* _THE TASK_
From the records below, copy the lines that include "block".
==== SUPPLIED DATA ====
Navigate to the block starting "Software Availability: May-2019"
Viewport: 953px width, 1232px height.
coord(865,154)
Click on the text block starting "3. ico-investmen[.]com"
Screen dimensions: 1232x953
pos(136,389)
====
==== SUPPLIED DATA ====
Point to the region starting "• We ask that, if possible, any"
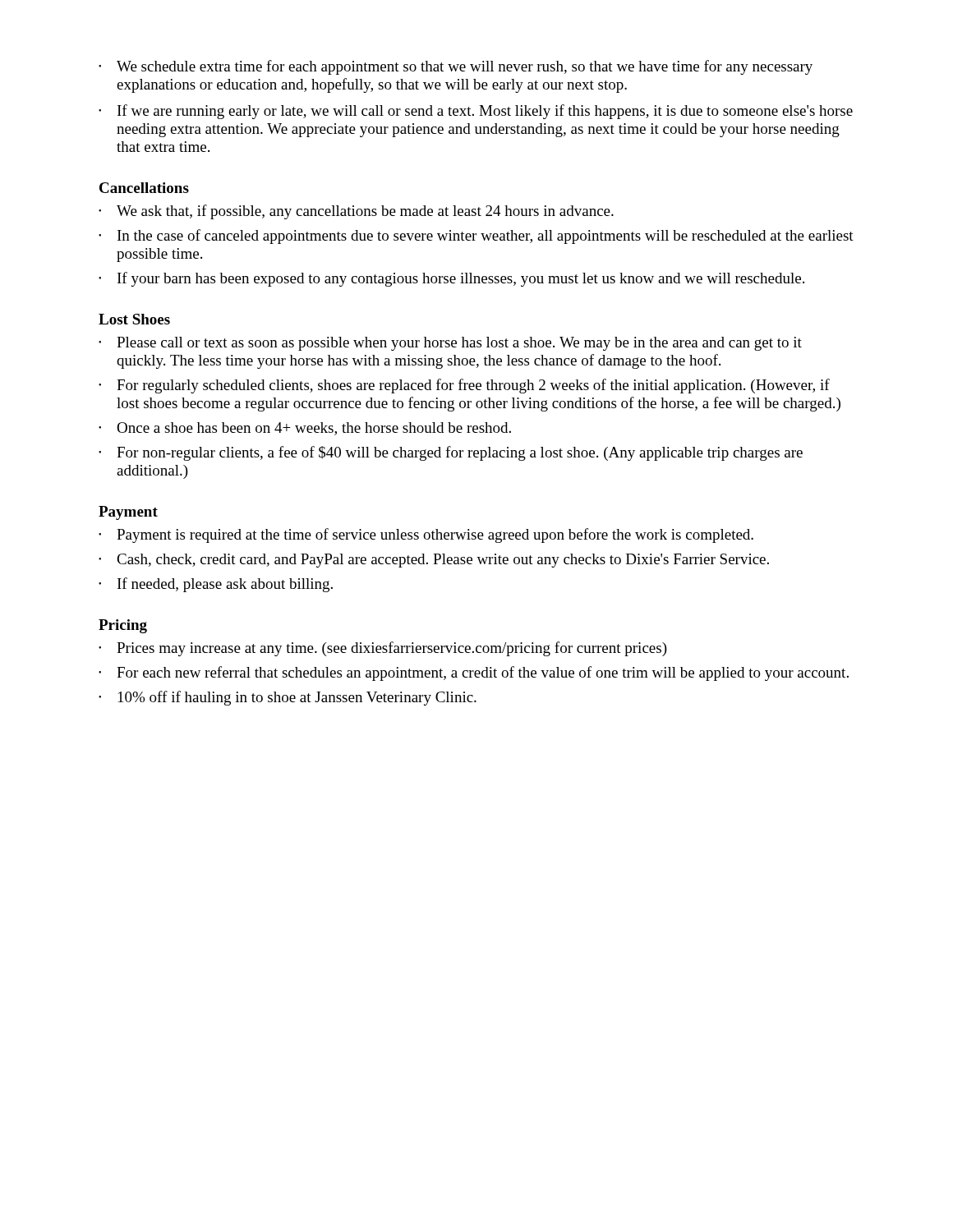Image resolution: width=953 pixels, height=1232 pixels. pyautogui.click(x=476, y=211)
====
* _ANSWER SPACE_
Navigate to the block starting "Software Availability: May-2019"
Click on the text block starting "3. ico-investmen[.]com"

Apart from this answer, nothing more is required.